▸ Exercise goal
Quote only the lines that start at the line with "3) small box [523,610,620,694]" and run to the end of the entries; omit the pictures.
### Supplied records
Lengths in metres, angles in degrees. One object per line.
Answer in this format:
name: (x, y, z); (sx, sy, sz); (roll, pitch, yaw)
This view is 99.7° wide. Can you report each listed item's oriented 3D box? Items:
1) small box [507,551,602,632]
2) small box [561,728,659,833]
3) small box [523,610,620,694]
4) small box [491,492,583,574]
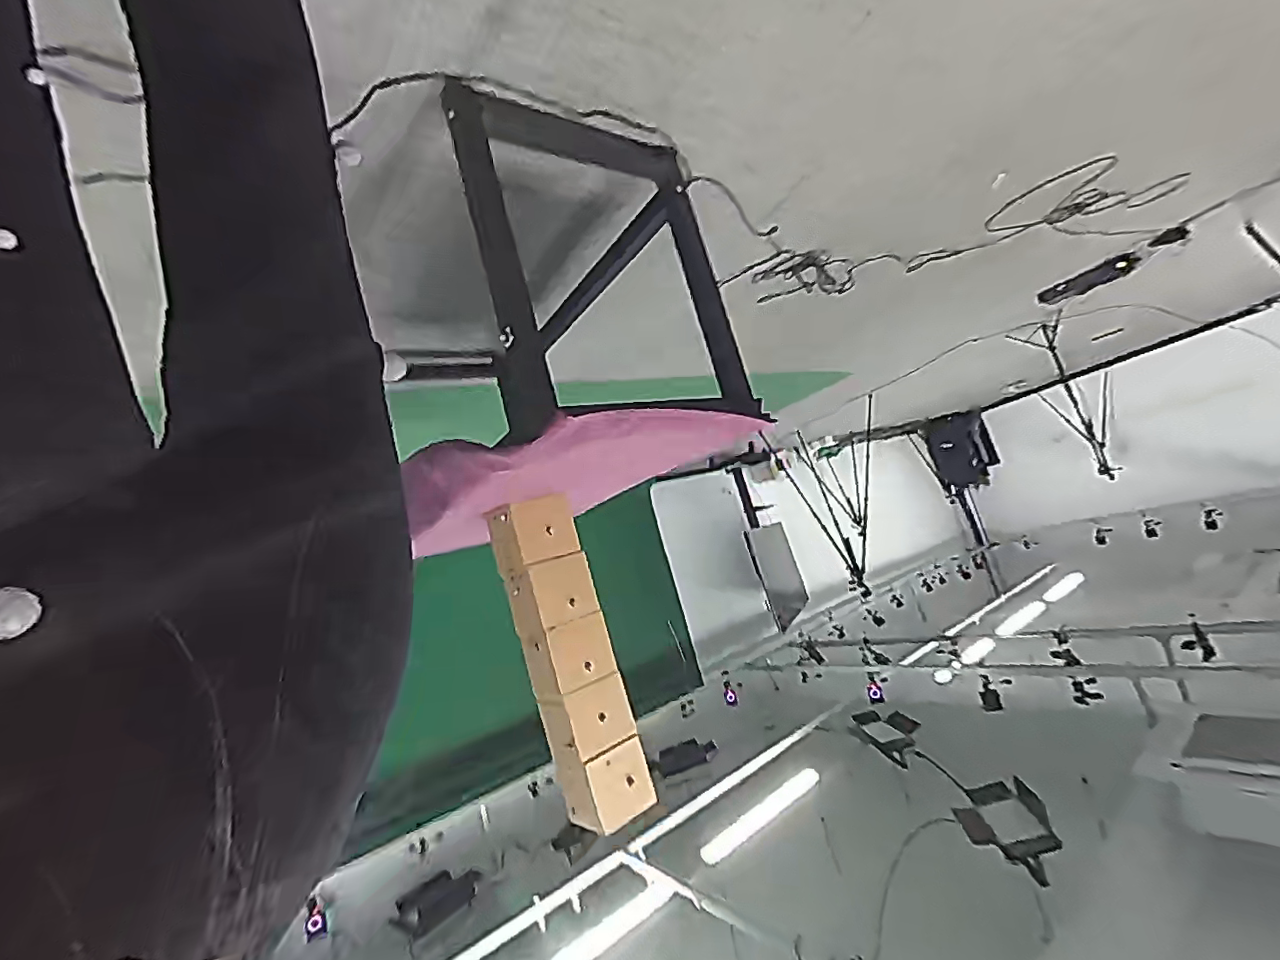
small box: (-0.233, 0.297, 1.453); (0.179, 0.176, 0.168); (-9, 169, -38)
small box: (-0.084, 0.758, 1.387); (0.168, 0.176, 0.179); (-12, 170, -38)
small box: (-0.184, 0.451, 1.433); (0.179, 0.176, 0.168); (-10, 169, -38)
small box: (-0.287, 0.143, 1.474); (0.179, 0.176, 0.168); (-10, 170, -39)
######
▸ Answer for the task
3) small box [523,610,620,694]
4) small box [491,492,583,574]
small box: (-0.233, 0.297, 1.453); (0.179, 0.176, 0.168); (-9, 169, -38)
small box: (-0.084, 0.758, 1.387); (0.168, 0.176, 0.179); (-12, 170, -38)
small box: (-0.184, 0.451, 1.433); (0.179, 0.176, 0.168); (-10, 169, -38)
small box: (-0.287, 0.143, 1.474); (0.179, 0.176, 0.168); (-10, 170, -39)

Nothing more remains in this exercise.